Source material —
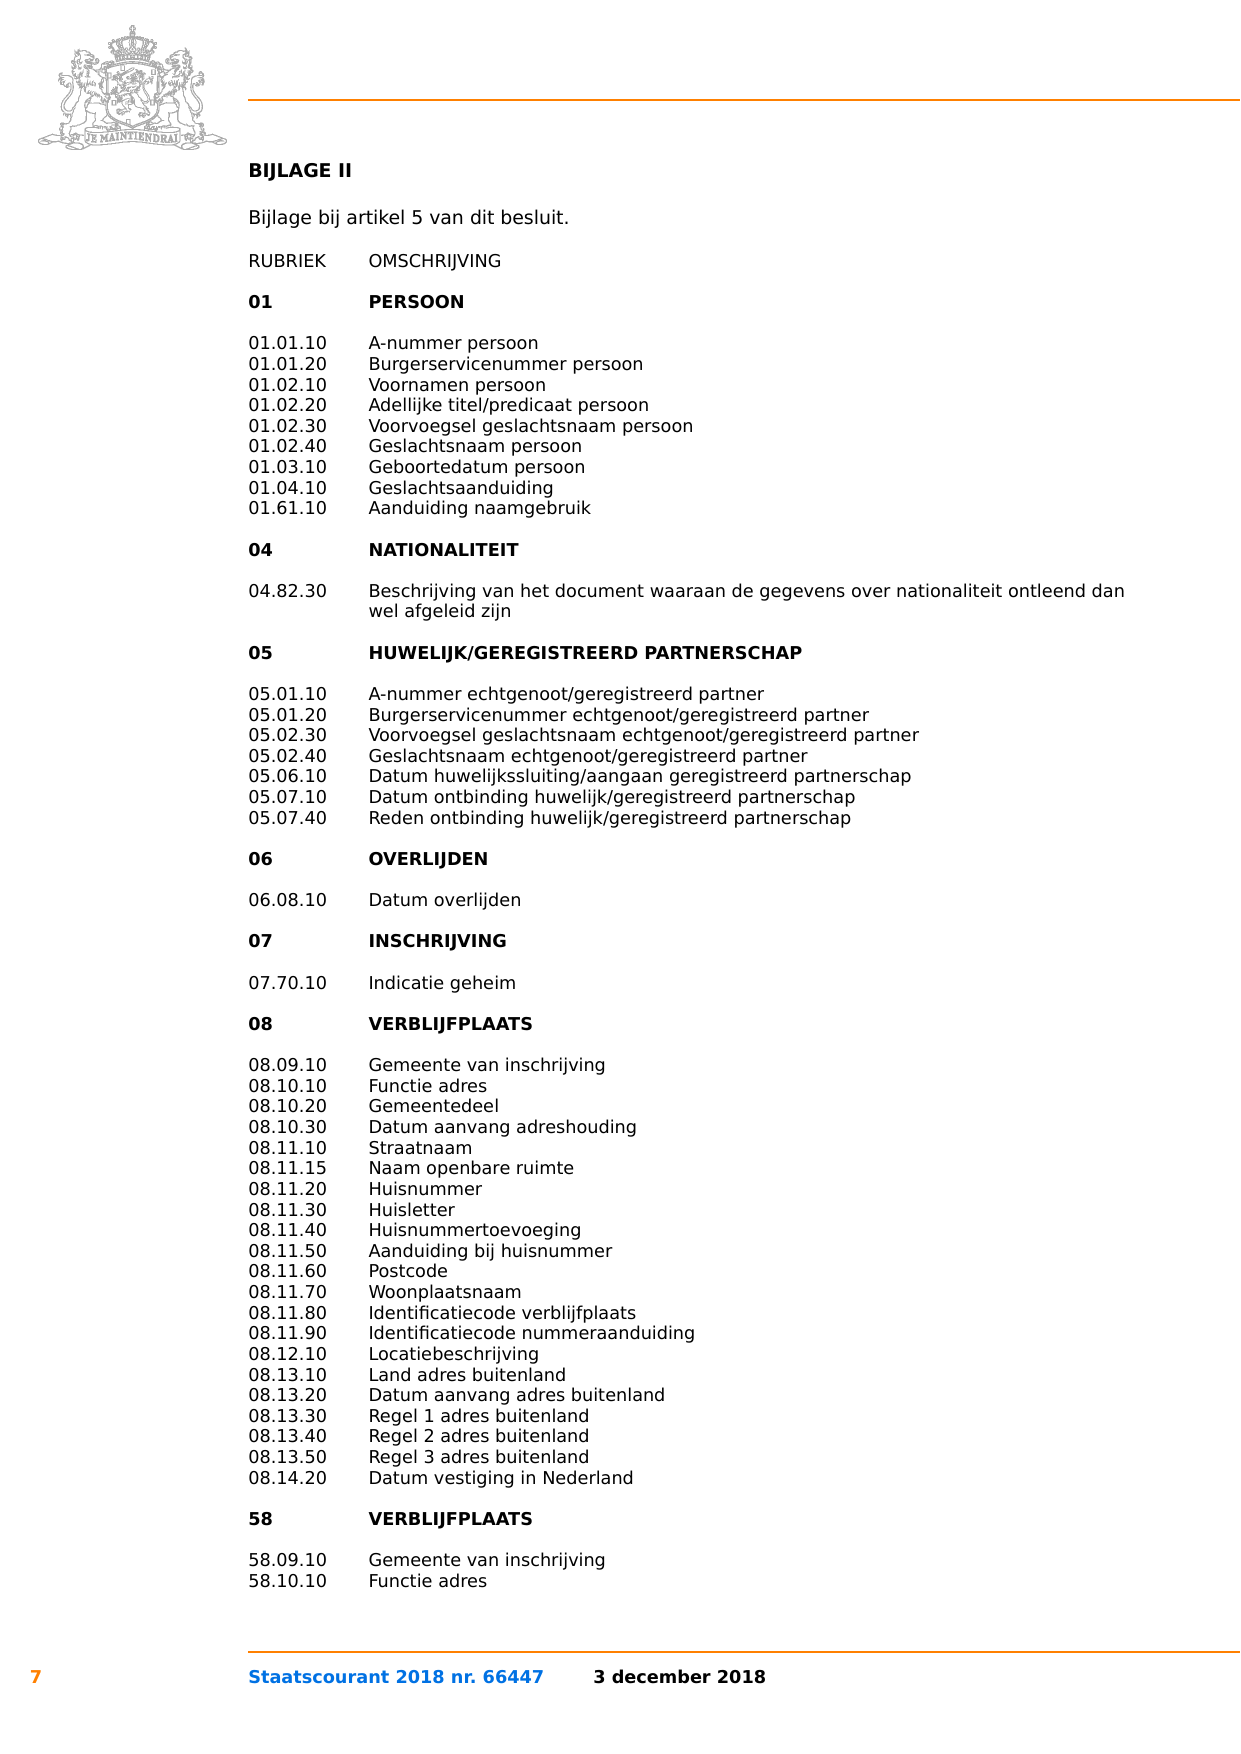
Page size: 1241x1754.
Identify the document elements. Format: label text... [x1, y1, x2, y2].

table_cell 05.02.40 [248, 746, 362, 766]
table_cell PERSOON [363, 292, 1163, 313]
table_cell Indicatie geheim [363, 973, 1163, 993]
table_cell Functie adres [363, 1076, 1163, 1096]
table_cell Datum ontbinding huwelijk/geregistreerd partnerschap [363, 787, 1163, 808]
table_cell 08 [248, 1014, 362, 1034]
table_cell 08.11.20 [248, 1179, 362, 1199]
table_header OMSCHRIJVING [363, 251, 1163, 271]
table_cell 58.10.10 [248, 1571, 362, 1591]
table_cell 01 [248, 292, 362, 313]
table_cell 08.09.10 [248, 1055, 362, 1076]
table_cell 08.13.40 [248, 1426, 362, 1447]
table_cell 05.02.30 [248, 725, 362, 746]
table_cell 58 [248, 1509, 362, 1529]
table_cell Geslachtsnaam echtgenoot/geregistreerd partner [363, 746, 1163, 766]
table_cell Identificatiecode nummeraanduiding [363, 1323, 1163, 1344]
table_cell Beschrijving van het document waaraan de gegevens over nationaliteit ontleend dan wel afgeleid zijn [363, 581, 1163, 622]
table_cell 07 [248, 931, 362, 952]
table_cell [363, 828, 1163, 849]
table_cell 01.02.20 [248, 395, 362, 416]
table_cell [248, 1035, 362, 1055]
table_cell Datum huwelijkssluiting/aangaan geregistreerd partnerschap [363, 766, 1163, 787]
subtitle BIJLAGE II [248, 160, 1163, 182]
table_cell [363, 952, 1163, 973]
table_cell 05.06.10 [248, 766, 362, 787]
table_cell Voorvoegsel geslachtsnaam echtgenoot/geregistreerd partner [363, 725, 1163, 746]
table_cell Land adres buitenland [363, 1365, 1163, 1385]
table_cell 01.03.10 [248, 457, 362, 478]
table_cell Woonplaatsnaam [363, 1282, 1163, 1303]
table_cell 08.11.60 [248, 1261, 362, 1282]
table_cell 58.09.10 [248, 1550, 362, 1571]
table_cell VERBLIJFPLAATS [363, 1014, 1163, 1034]
table_cell 08.14.20 [248, 1468, 362, 1488]
table_cell 01.01.20 [248, 354, 362, 374]
table_cell 07.70.10 [248, 973, 362, 993]
table_cell Voorvoegsel geslachtsnaam persoon [363, 416, 1163, 436]
table_cell 08.11.10 [248, 1138, 362, 1158]
table_cell [363, 870, 1163, 890]
table_cell Datum aanvang adreshouding [363, 1117, 1163, 1138]
table_cell 08.13.20 [248, 1385, 362, 1406]
table_cell [248, 313, 362, 333]
text Bijlage bij artikel 5 van dit besluit. [248, 207, 1163, 229]
table_cell [248, 870, 362, 890]
table_cell Geboortedatum persoon [363, 457, 1163, 478]
table_cell A-nummer persoon [363, 333, 1163, 354]
table_cell 04 [248, 540, 362, 560]
table_cell 08.13.30 [248, 1406, 362, 1426]
table_cell Adellijke titel/predicaat persoon [363, 395, 1163, 416]
table_cell OVERLIJDEN [363, 849, 1163, 869]
table_cell [363, 1488, 1163, 1509]
table_cell VERBLIJFPLAATS [363, 1509, 1163, 1529]
table_cell Functie adres [363, 1571, 1163, 1591]
table_cell Regel 2 adres buitenland [363, 1426, 1163, 1447]
table_cell 05.07.10 [248, 787, 362, 808]
table_cell Reden ontbinding huwelijk/geregistreerd partnerschap [363, 808, 1163, 828]
table_cell 08.11.40 [248, 1220, 362, 1241]
table_cell [248, 622, 362, 643]
table_cell 08.11.30 [248, 1200, 362, 1220]
table_cell 08.11.90 [248, 1323, 362, 1344]
table_cell 06.08.10 [248, 890, 362, 911]
table_cell [248, 911, 362, 931]
table_cell 08.11.70 [248, 1282, 362, 1303]
table_cell Identificatiecode verblijfplaats [363, 1303, 1163, 1323]
picture [38, 25, 227, 150]
table_cell Huisnummertoevoeging [363, 1220, 1163, 1241]
table_cell [248, 828, 362, 849]
table_cell 08.10.10 [248, 1076, 362, 1096]
table_cell 08.12.10 [248, 1344, 362, 1364]
table_cell Straatnaam [363, 1138, 1163, 1158]
table_cell Regel 3 adres buitenland [363, 1447, 1163, 1468]
table_cell [363, 271, 1163, 292]
table_cell Datum vestiging in Nederland [363, 1468, 1163, 1488]
table_cell 05.07.40 [248, 808, 362, 828]
table_cell Aanduiding naamgebruik [363, 498, 1163, 519]
table_cell 05.01.20 [248, 705, 362, 725]
table_cell Postcode [363, 1261, 1163, 1282]
table_cell 01.02.10 [248, 375, 362, 395]
table_cell Gemeentedeel [363, 1096, 1163, 1117]
table_cell Aanduiding bij huisnummer [363, 1241, 1163, 1261]
table_cell 08.11.50 [248, 1241, 362, 1261]
table_cell Geslachtsnaam persoon [363, 436, 1163, 457]
table_cell HUWELIJK/GEREGISTREERD PARTNERSCHAP [363, 643, 1163, 663]
table_cell A-nummer echtgenoot/geregistreerd partner [363, 684, 1163, 704]
table_cell Huisnummer [363, 1179, 1163, 1199]
table_cell Huisletter [363, 1200, 1163, 1220]
table_cell [363, 663, 1163, 684]
table_cell Geslachtsaanduiding [363, 478, 1163, 498]
table_cell [248, 1488, 362, 1509]
table_cell [248, 519, 362, 539]
table_cell 08.13.50 [248, 1447, 362, 1468]
table_cell Voornamen persoon [363, 375, 1163, 395]
table_cell Gemeente van inschrijving [363, 1550, 1163, 1571]
table_header RUBRIEK [248, 251, 362, 271]
table_cell [363, 993, 1163, 1014]
table_cell Burgerservicenummer echtgenoot/geregistreerd partner [363, 705, 1163, 725]
table_cell Burgerservicenummer persoon [363, 354, 1163, 374]
table_cell [363, 560, 1163, 581]
table_cell 01.02.30 [248, 416, 362, 436]
table_cell Datum overlijden [363, 890, 1163, 911]
table_cell [363, 313, 1163, 333]
table_cell [363, 1035, 1163, 1055]
table_cell [363, 519, 1163, 539]
table_cell Gemeente van inschrijving [363, 1055, 1163, 1076]
table_cell [248, 993, 362, 1014]
table_cell 08.11.80 [248, 1303, 362, 1323]
table_cell 01.01.10 [248, 333, 362, 354]
table_cell [363, 911, 1163, 931]
table_cell 01.02.40 [248, 436, 362, 457]
table_cell Naam openbare ruimte [363, 1158, 1163, 1179]
table_cell NATIONALITEIT [363, 540, 1163, 560]
table_cell 04.82.30 [248, 581, 362, 622]
table_cell 05.01.10 [248, 684, 362, 704]
table_cell Regel 1 adres buitenland [363, 1406, 1163, 1426]
table_cell Datum aanvang adres buitenland [363, 1385, 1163, 1406]
table_cell [363, 622, 1163, 643]
table_cell 06 [248, 849, 362, 869]
table_cell [248, 1530, 362, 1550]
table_cell 08.11.15 [248, 1158, 362, 1179]
table_cell 08.10.30 [248, 1117, 362, 1138]
table_cell 08.13.10 [248, 1365, 362, 1385]
table_cell [248, 271, 362, 292]
table_cell Locatiebeschrijving [363, 1344, 1163, 1364]
table_cell [248, 663, 362, 684]
table_cell 01.04.10 [248, 478, 362, 498]
table_cell INSCHRIJVING [363, 931, 1163, 952]
table_cell 08.10.20 [248, 1096, 362, 1117]
table_cell [248, 952, 362, 973]
table_cell 05 [248, 643, 362, 663]
table_cell [248, 560, 362, 581]
table_cell [363, 1530, 1163, 1550]
table_cell 01.61.10 [248, 498, 362, 519]
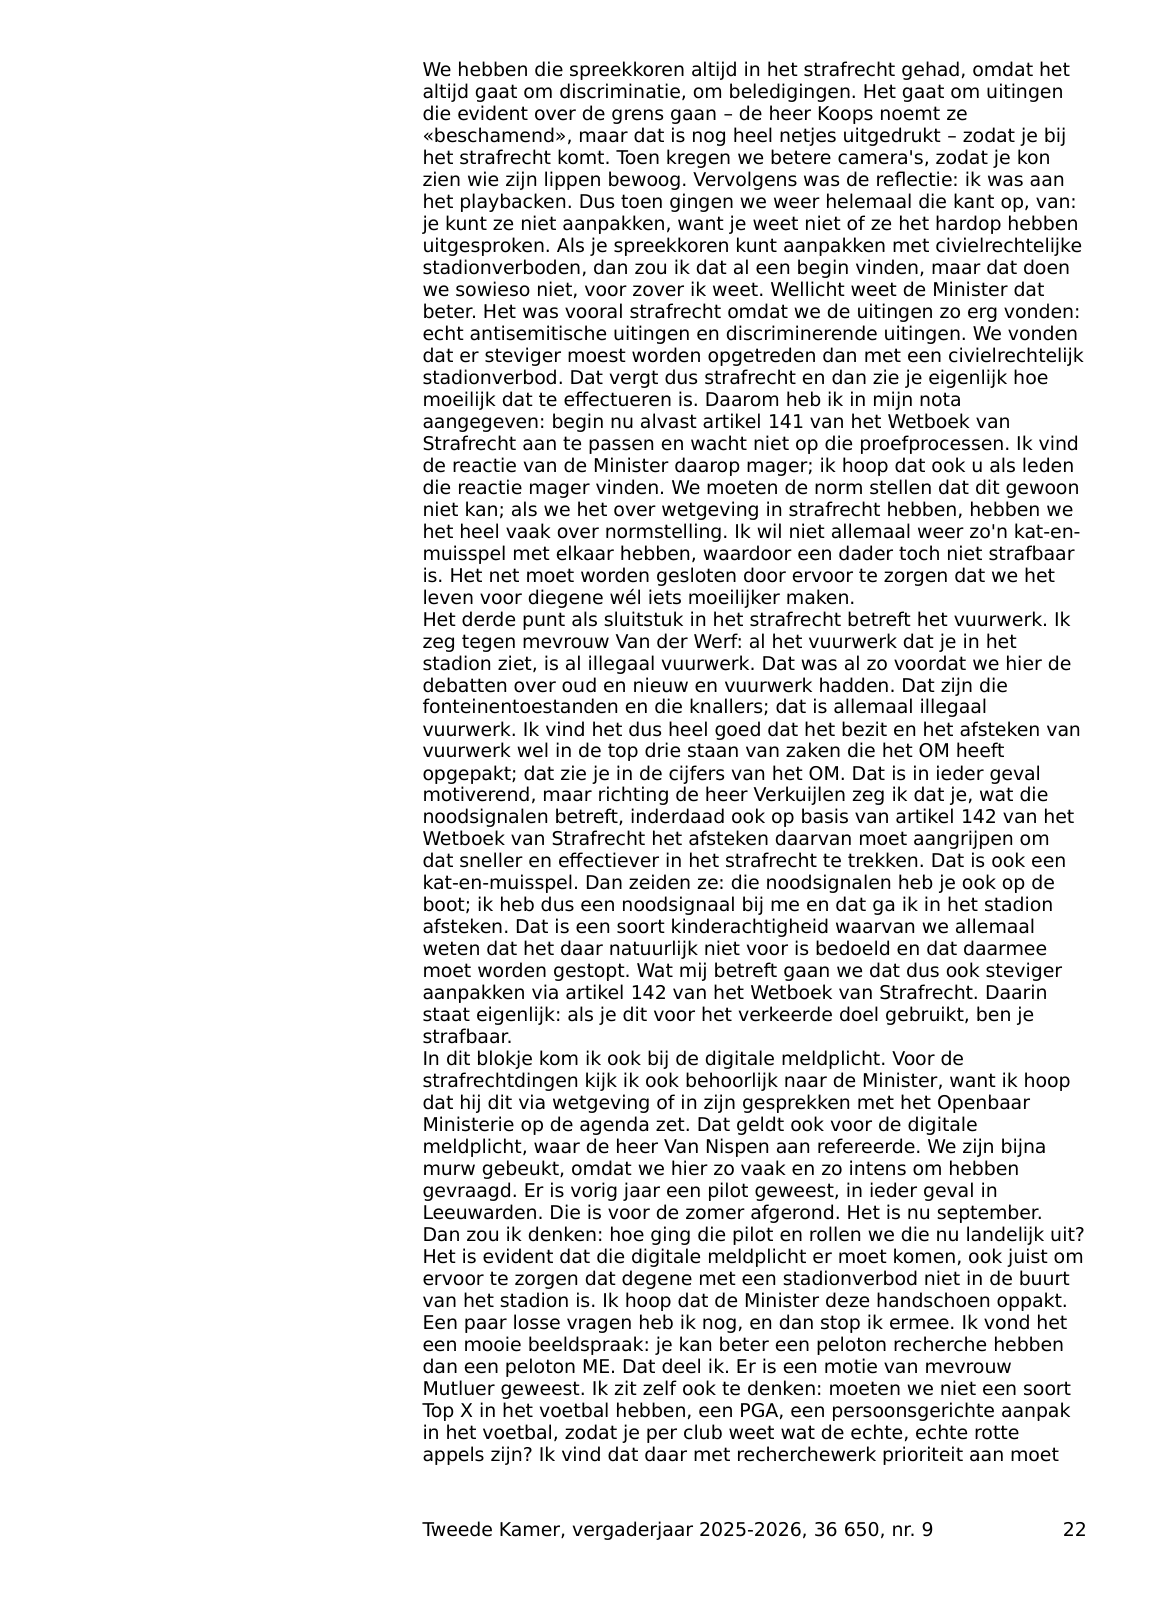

Action item — Print again the lines of the entries above that fall between the line holding "table_cell 08.11.40 [248, 1220, 362, 1241]" and the line holding "table_cell HUWELIJK/GEREGISTREERD PARTNERSCHAP", inclusive, exactly as they stand.

Answer to this exercise —
table_cell 08.11.40 [248, 1220, 362, 1241]
table_cell [248, 622, 362, 643]
table_cell 08.11.30 [248, 1200, 362, 1220]
table_cell 08.11.90 [248, 1323, 362, 1344]
table_cell 06.08.10 [248, 890, 362, 911]
table_cell [248, 911, 362, 931]
table_cell 08.11.70 [248, 1282, 362, 1303]
table_cell Identificatiecode verblijfplaats [363, 1303, 1163, 1323]
picture [38, 25, 227, 150]
table_cell Huisnummertoevoeging [363, 1220, 1163, 1241]
table_cell [248, 828, 362, 849]
table_cell 08.10.10 [248, 1076, 362, 1096]
table_cell 08.12.10 [248, 1344, 362, 1364]
table_cell Straatnaam [363, 1138, 1163, 1158]
table_cell Regel 3 adres buitenland [363, 1447, 1163, 1468]
table_cell [363, 271, 1163, 292]
table_cell Datum vestiging in Nederland [363, 1468, 1163, 1488]
table_cell 05.07.40 [248, 808, 362, 828]
table_cell Aanduiding naamgebruik [363, 498, 1163, 519]
table_cell 05.01.20 [248, 705, 362, 725]
table_cell Postcode [363, 1261, 1163, 1282]
table_cell 01.02.10 [248, 375, 362, 395]
table_cell Gemeentedeel [363, 1096, 1163, 1117]
table_cell Aanduiding bij huisnummer [363, 1241, 1163, 1261]
table_cell 08.11.50 [248, 1241, 362, 1261]
table_cell Geslachtsnaam persoon [363, 436, 1163, 457]
table_cell HUWELIJK/GEREGISTREERD PARTNERSCHAP [363, 643, 1163, 663]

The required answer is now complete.